The trial date was set and reset numerous times over the next three years. In November 2010, the trial court removed the case from the trial calendar, and ordered Appellants to proceed with the opening of an estate for Decedent, but did not order that Appellants join the estate in the suit. Another three years went by until September 2013, when Appellees filed a motion to dismiss for failure to join the estate. Appellees argued that Decedent’s estate was an indispensable party under Section 733.607, Fla Stat., and that Appellants lacked standing for failure to join it in the action. The trial court granted Appellees’ motion to dismiss with prejudice for failure to join indispensable parties and denied Appellants’ ore tenus motion to amend. Then, Appellants filed multiple motions for relief, notifying the trial court that they had opened the estate since the time the motion to dismiss was granted, and requested permission once again to amend the complaint. Specifically, they sought leave to add Joe R. Parker, Jr., as a party to the lawsuit as the estate’s representative, and to transfer the case to the probate division for resolution. The trial court denied Appellants’ combined motions without explanation.

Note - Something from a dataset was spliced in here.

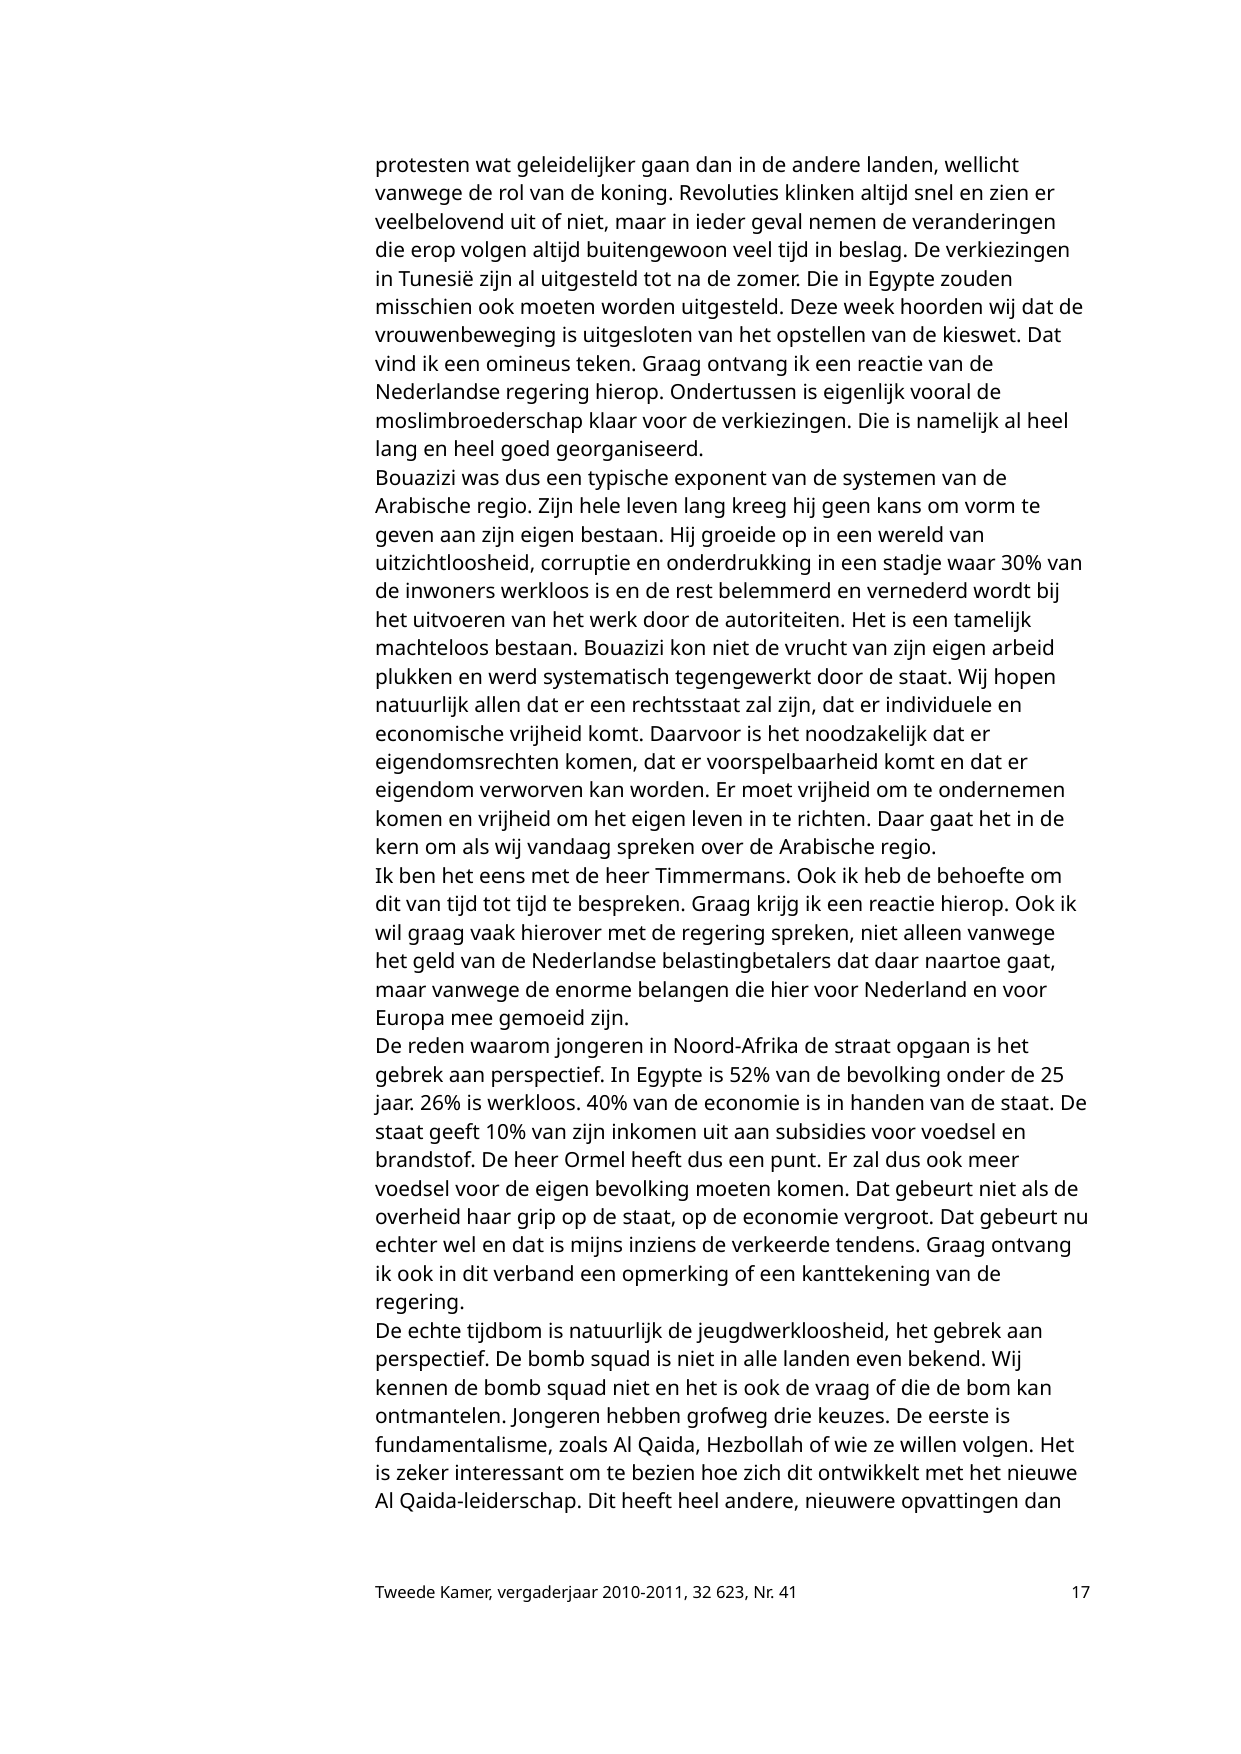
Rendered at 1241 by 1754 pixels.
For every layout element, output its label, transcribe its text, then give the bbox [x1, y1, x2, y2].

The Fourth DCA reviewed the case de novo, noting that Section 733.607 clearly states that a personal representative has rights to property that remains in the decedent’s possession at death. However, the subject properties at issue in this case were not part of Decedent’s estate at the time he died because they had already been conveyed inter vivos to Sean and Parkersquest.  Florida courts have repeatedly permitted a decedent’s children to pursue claims to set aside inter vivos conveyances based upon allegations of undue influence, without requiring that the decedent’s estate be joined as a party to the suit. See Pratt v. Carns, 85 So. 681, 682, 80 Fla. 243 (Fla. 1920); Mulato v. Mulato, 705 So. 2d 57, 59-63 (Fla. 4th DCA 1997); Dunn v. White, 500 So. 2d 565, 566 (Fla. 2d DCA 1986). Other family members have also been permitted to challenge inter vivos transfers of property for undue influence without joining the decedent’s estate. See Bryant v. Bryant, 379 So. 2d 382, 383 (Fla. 1st DCA 1979); Wrobbel v. Walda, 217 So. 2d 340, 341 (Fla. 4th DCA 1968); Rowland v. McCall, 118 So. 2d 846, 847 (Fla. 2d DCA 1960).

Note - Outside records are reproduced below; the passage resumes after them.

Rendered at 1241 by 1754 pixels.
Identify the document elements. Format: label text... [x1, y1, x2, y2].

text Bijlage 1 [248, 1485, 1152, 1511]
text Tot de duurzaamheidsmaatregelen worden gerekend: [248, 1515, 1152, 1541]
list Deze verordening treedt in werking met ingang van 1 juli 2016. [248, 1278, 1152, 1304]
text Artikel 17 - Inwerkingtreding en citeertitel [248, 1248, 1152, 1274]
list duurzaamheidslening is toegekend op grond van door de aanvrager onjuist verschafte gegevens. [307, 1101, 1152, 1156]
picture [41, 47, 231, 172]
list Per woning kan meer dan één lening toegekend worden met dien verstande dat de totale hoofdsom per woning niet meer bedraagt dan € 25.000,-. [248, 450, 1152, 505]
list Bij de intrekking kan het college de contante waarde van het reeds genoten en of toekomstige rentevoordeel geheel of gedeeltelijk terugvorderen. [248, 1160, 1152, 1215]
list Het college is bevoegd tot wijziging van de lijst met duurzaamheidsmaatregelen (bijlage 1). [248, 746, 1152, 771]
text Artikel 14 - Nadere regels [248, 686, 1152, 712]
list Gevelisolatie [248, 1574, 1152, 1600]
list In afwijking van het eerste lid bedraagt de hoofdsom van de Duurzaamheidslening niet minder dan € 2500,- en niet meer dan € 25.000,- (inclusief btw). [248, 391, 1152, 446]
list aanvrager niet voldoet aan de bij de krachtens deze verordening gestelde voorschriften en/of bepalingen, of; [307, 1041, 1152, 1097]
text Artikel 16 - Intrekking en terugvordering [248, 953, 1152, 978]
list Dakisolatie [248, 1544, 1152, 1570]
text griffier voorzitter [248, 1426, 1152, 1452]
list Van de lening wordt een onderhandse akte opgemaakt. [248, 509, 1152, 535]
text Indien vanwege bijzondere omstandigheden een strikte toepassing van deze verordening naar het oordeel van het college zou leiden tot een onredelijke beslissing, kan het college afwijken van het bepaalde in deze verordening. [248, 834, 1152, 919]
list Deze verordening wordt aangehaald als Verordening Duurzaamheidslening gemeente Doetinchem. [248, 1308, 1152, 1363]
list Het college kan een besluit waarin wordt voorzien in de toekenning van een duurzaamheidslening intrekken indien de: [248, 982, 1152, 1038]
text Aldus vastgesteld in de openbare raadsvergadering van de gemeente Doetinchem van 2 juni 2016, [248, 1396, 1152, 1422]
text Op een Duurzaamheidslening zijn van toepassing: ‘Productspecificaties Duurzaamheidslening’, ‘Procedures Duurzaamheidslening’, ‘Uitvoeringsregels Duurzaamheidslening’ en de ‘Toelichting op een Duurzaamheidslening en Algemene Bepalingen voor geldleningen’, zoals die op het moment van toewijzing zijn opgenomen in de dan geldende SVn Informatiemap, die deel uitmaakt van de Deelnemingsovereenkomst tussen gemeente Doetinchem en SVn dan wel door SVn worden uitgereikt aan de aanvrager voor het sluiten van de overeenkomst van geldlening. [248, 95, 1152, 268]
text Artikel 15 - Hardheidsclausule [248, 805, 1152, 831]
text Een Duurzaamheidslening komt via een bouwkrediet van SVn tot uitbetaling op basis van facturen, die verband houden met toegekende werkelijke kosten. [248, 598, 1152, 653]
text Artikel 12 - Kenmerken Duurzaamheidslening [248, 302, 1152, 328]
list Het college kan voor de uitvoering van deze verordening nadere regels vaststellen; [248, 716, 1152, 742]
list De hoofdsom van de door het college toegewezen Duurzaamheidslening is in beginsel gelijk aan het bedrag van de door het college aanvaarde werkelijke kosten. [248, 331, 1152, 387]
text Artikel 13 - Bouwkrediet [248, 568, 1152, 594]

By contrast, Appellees provided no authority supporting the proposition that under Section 733.607, Fla. Stat., Decedent’s estate is an indispensable party that must be joined in a suit seeking to set aside inter vivos conveyances due to alleged undue influence. By its ruling, the trial court imposed a requirement that, according to the plain wording of the statute, does not exist. See, e.g., D.S. v. J.L., 18 So. 3d 1103, 1108-09 (Fla. 1st DCA 2009) (holding that trial court erred by interpreting statute to “impos[e] requirements beyond those specified in [the statute]”). In the subject case, Decedent’s estate was not so essential to the suit that a final decision regarding Appellants’ challenge to the conveyances could not be rendered without its joinder. Villanueva, 174 So. 3d at 613. Therefore, the Fourth DCA reversed the trial court’s order dismissing the case with prejudice for failure to join the estate as a party, and remand for further proceedings.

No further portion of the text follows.